• **DIRECTIONS**
Examine the records and identify each line that includes the string "roll". Copy those lines.

[Stored dataset items]
━━━━━━━━━━

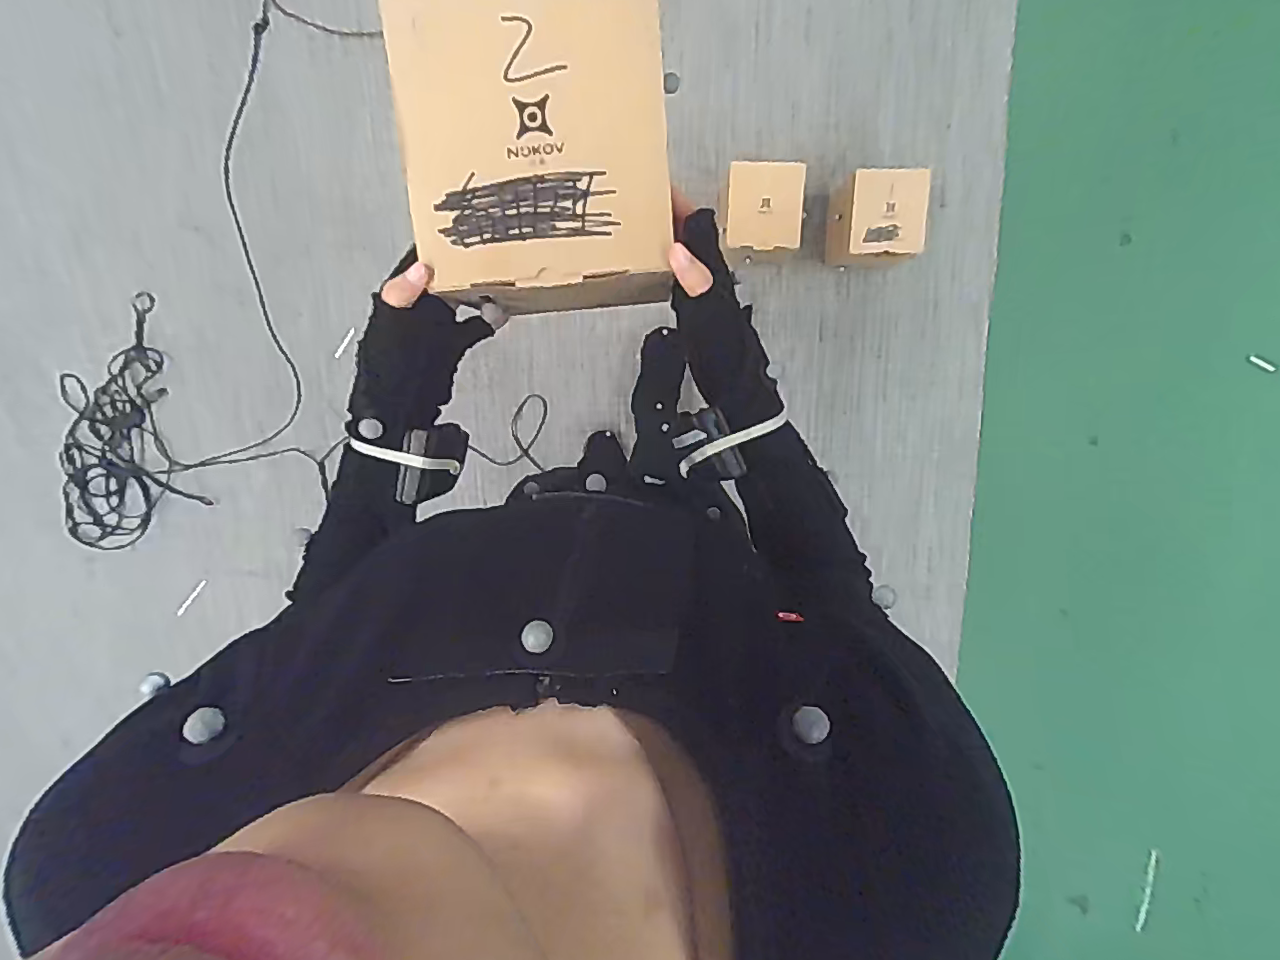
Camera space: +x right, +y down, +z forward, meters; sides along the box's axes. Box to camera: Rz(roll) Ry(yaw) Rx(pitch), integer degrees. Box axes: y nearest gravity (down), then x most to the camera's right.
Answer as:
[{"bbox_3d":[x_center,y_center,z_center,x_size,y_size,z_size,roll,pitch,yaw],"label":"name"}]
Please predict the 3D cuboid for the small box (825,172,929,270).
[{"bbox_3d":[0.540,-0.595,1.259,0.168,0.176,0.179,1,101,0],"label":"small box"}]

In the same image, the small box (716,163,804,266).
[{"bbox_3d":[0.271,-0.610,1.259,0.168,0.176,0.179,1,102,0],"label":"small box"}]
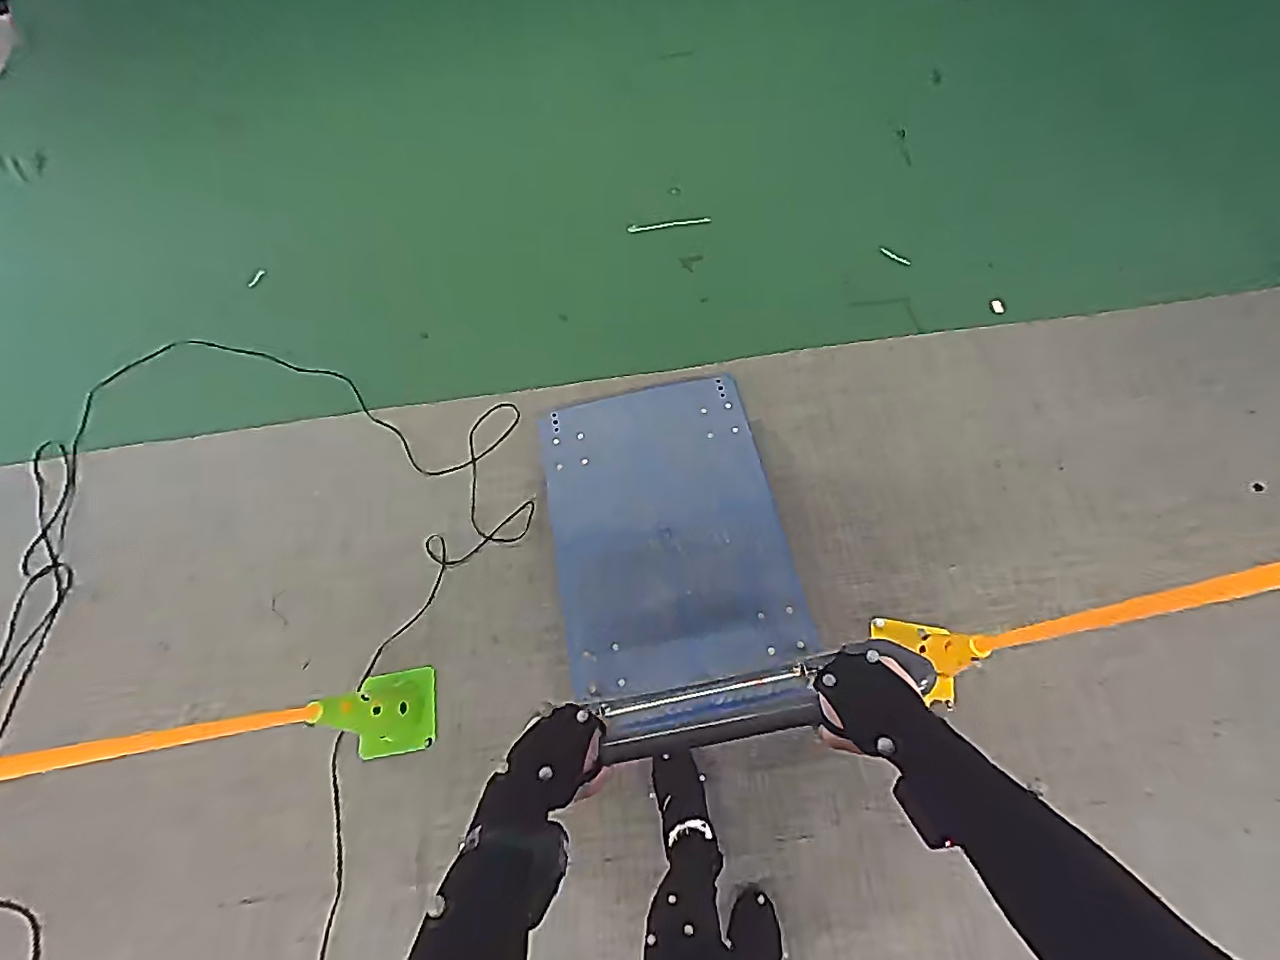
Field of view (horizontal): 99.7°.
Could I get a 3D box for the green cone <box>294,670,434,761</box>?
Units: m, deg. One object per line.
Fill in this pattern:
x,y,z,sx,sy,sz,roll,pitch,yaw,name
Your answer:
-0.653,0.541,1.251,0.202,0.368,0.200,-12,66,2,green cone
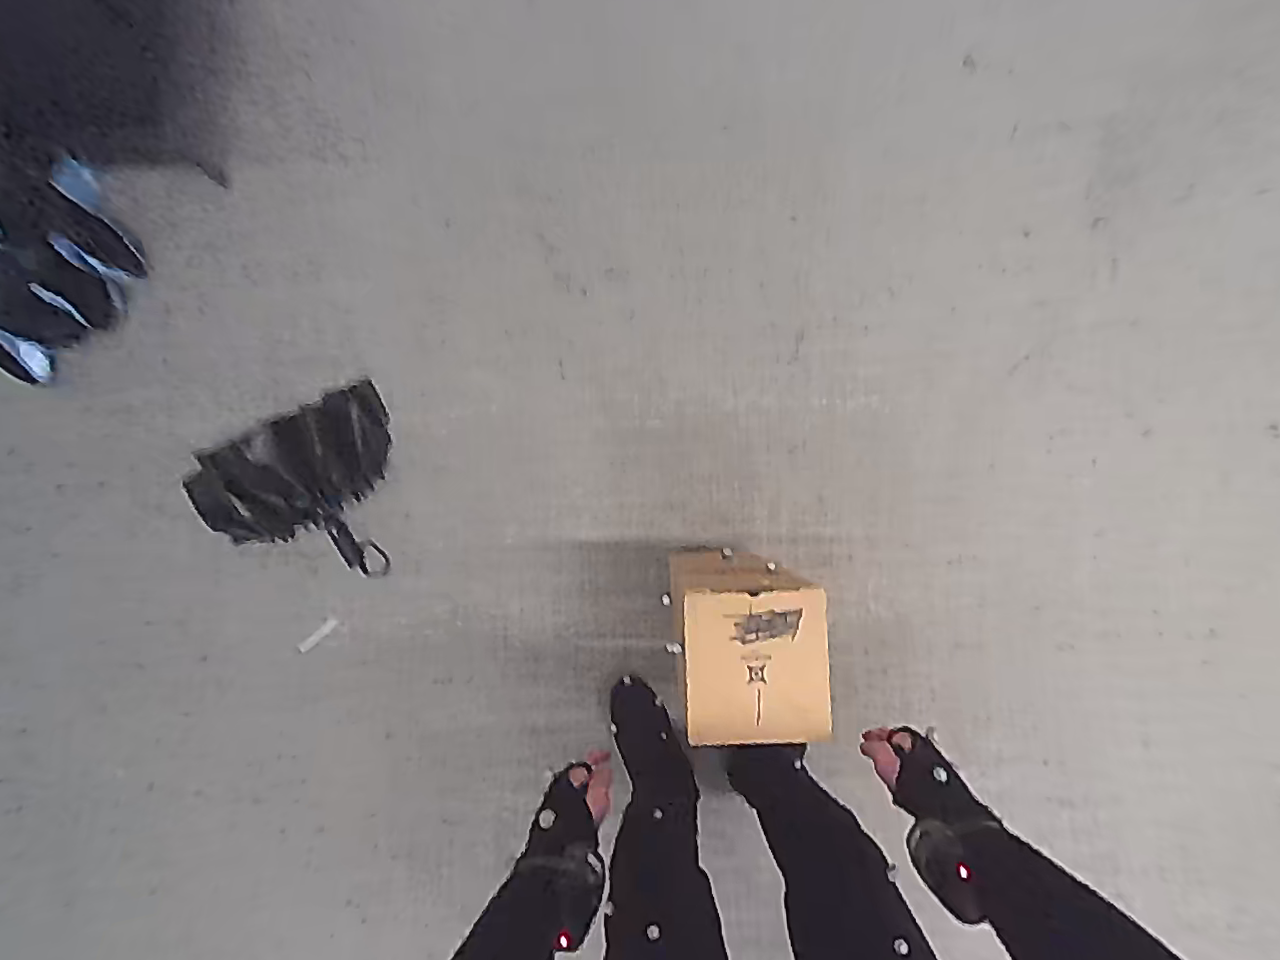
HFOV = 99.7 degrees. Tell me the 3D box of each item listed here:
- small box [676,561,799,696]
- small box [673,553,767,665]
[{"bbox_3d":[0.144,0.223,0.847,0.168,0.176,0.179,-2,85,1],"label":"small box"},{"bbox_3d":[0.149,0.234,1.009,0.168,0.176,0.179,-3,87,1],"label":"small box"}]
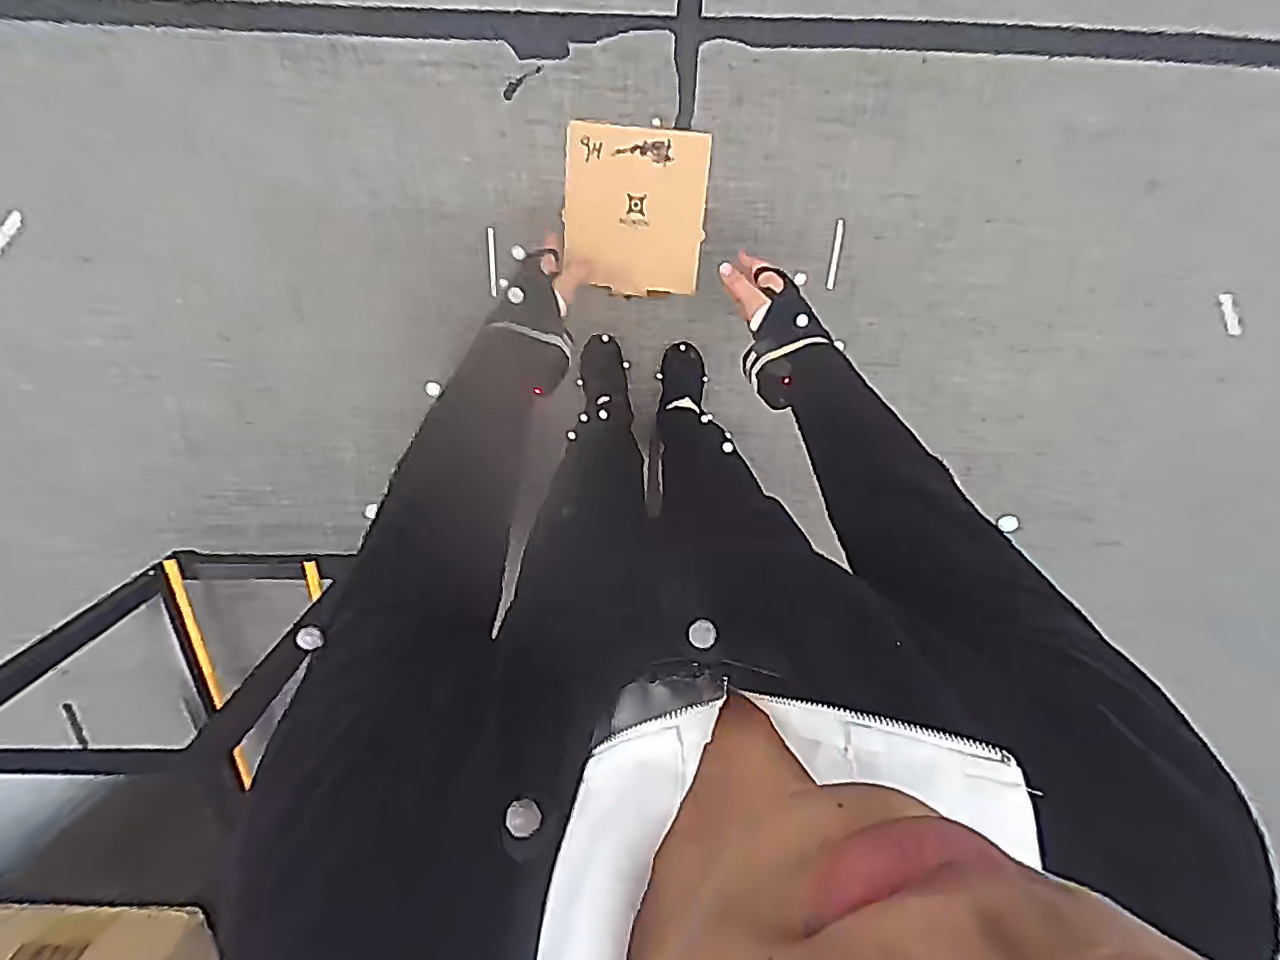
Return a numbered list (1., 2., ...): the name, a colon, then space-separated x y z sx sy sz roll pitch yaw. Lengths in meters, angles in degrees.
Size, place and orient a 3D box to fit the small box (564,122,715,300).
1. small box: -0.004 -0.340 0.703 0.168 0.176 0.179 4 113 -3
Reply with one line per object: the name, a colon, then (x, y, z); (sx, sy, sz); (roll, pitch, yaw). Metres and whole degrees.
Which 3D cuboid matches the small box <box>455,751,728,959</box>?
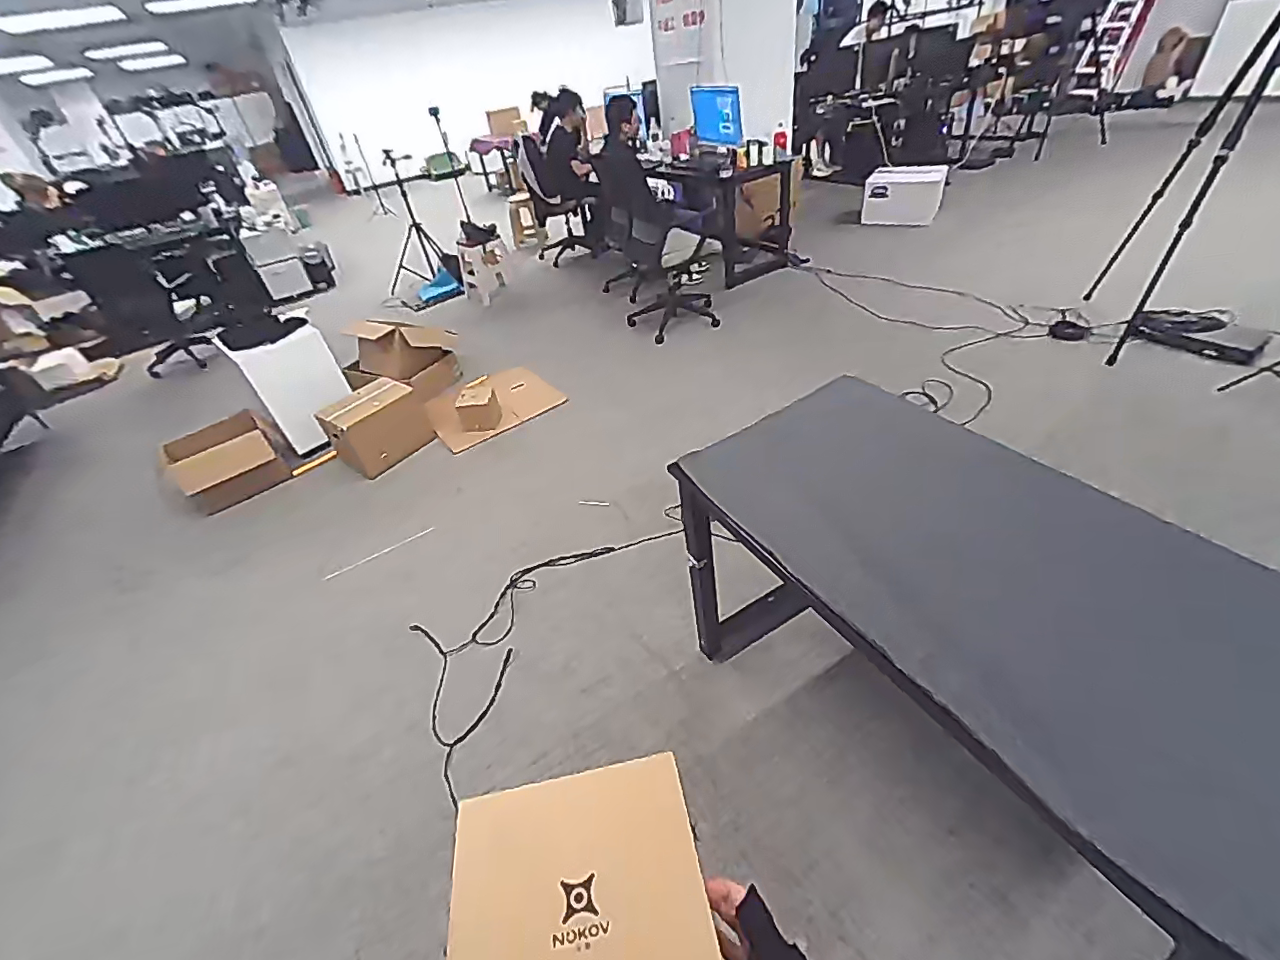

━━━━━━━━━━

• **THE ANSWER**
Camera space: +x right, +y down, +z forward, meters; sides along the box's axes. Box to camera: Rz(roll) Ry(yaw) Rx(pitch), integer degrees. Box axes: y nearest gravity (down), then x most to the camera's right.
[{"bbox_3d":[x_center,y_center,z_center,x_size,y_size,z_size,roll,pitch,yaw],"label":"name"}]
x,y,z,sx,sy,sz,roll,pitch,yaw,name
Return a numbered list (1., 2., ...): the name, a colon, then space-separated x y z sx sy sz roll pitch yaw. Lengths in meters, angles in degrees.
Reply with one line per object: the name, a colon, then (x, y, z); (sx, sy, sz); (roll, pitch, yaw). Metres and whole degrees.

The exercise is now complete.